Taylor Swift does not exist
You might have recently heard that the Kingdom of Saudi Arabia—via SoftBank Kabushiki Gaisha, via its wholly-owned subsidiary Gannett, which owns USA Today alongside a sad little clutch of failing syndicated local newspapers—has hired the world’s first full-time Taylor Swift reporter. His name is Bryan, and I’m deeply upset. Not because I don’t think Taylor Swift is worth writing about. Taylor Swift is, by any sensible measure, the most famous person in the world. The actual leaders of actual countries beg her to visit their dying lands, put on a show, make their miserable people spend some of their miserable money, maybe nudge the whole economy just a few points out of recession. When a war breaks out in Asia, both sides immediately try to argue that they’re fighting on the side of Taylor Swift. She is bigger than Elvis, bigger than the Beatles, bigger than God. She has blasted herself on a jet of pure sugary Americana into every quiet crevice of global culture. She provides the texture of daily life for thirteen year old Indonesian girls with hijabs and hard scraping eyes. There are swathes of rebel bushland in central Africa where children tear the guts out the earth at gunpoint and the central government has no power at all—but Taylor Swift does. In my travels across China, the only Western music you’d ever hear playing anywhere belonged to Taylor Swift. She’s not a solitary human being; she’s Coca-Cola. She has fundamentally changed the inner workings of the record industry, show ticketing, intellectual property—why not? Let’s say music theory too. She invented tone. She invented pitch. Taylor Swift seems destined to be remembered by our drooling, mud-eating descendants as a kind of culture hero, the mythical source of everything left for them to inherit. First was she who plucked strings and made pleasant sounds. Who taught man to spin thread and mark the hours of the sun. She who scattered the stars in the sky. She’s kind of a big deal.
But I’m upset about Bryan for two reasons. The first reason, which I share with every other ageing media grouch, is that this Bryan is a proud and open fan of Taylor Swift. Which is dangerous! A question as self-evidently titanic as who Taylor Swift is and what she’s doing—this must absolutely not, in any circumstances, be left to a fan.

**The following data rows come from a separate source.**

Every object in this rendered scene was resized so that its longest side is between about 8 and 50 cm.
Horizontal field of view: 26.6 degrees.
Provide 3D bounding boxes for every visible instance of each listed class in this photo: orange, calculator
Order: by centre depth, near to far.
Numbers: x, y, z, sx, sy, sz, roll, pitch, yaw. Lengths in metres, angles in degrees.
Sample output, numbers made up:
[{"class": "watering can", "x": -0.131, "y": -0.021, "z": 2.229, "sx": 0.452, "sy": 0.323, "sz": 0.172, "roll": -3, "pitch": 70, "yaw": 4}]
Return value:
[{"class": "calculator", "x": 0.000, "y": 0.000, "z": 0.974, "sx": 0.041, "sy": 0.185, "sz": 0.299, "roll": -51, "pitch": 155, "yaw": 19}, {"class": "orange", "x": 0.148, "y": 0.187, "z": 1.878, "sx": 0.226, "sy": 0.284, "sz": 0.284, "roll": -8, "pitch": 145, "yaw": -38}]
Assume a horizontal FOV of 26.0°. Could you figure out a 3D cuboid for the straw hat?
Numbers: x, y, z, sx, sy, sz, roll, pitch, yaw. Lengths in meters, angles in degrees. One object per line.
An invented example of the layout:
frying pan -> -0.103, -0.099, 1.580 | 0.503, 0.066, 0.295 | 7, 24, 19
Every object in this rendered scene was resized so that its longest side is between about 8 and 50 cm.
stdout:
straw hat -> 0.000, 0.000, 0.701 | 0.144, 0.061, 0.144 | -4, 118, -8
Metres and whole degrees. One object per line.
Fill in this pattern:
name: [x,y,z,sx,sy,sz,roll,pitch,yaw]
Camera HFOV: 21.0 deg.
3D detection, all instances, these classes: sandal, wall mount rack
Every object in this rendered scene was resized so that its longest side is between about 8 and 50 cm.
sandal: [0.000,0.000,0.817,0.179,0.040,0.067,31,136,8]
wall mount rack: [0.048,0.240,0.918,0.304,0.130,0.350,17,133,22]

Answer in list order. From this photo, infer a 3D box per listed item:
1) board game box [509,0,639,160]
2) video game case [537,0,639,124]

Look: consider this. There is a fairly large subculture out there of utterly miserable lonely young men who lack any kind of sex or companionship. Some of them have never held someone’s hand. Never hugged anyone. Never touched. So a few of them—not many, but it does happen—pick up guns and fire at random into crowds of people. They would like to feel the sense of dumb animal contentment you get when another warm and living human being touches your skin, but they can’t, and so they kill. This makes sense. What doesn’t make sense is the fact that overwhelmingly, these people make no effort whatsoever to meet other people. They say they want love and touch, badly enough to go on shooting sprees about it—but not badly enough to try. Much weirder territory here. Something’s gone wrong, but what? It makes sense to think of social problems in terms of people not getting what they want. This is the little engine that’s powered all of human history, from the dawn of agriculture until the day before yesterday: the uneven distribution of the surplus. But now, we’ve broken out of history and into something else, and the true nature of our problem is something much slipperier: not the repression of desire, but its disappearance. Hard to escape the conclusion that the incels don’t actually want sex at all; what they want is what they’re getting, which is the pleasure of being aggrieved. Not undesired, but undesiring: screenblasted, subsisting off Twitter and porn, like some deep sea sponge, feeding on the plankton of simulated sociality that snows down from above. Their murderous agony is that they are, secretly, perfectly content. And when they kill, it’s because it’s easier and more comfortable than peering into that vast calm absence of desire that swells where a living subject ought to be.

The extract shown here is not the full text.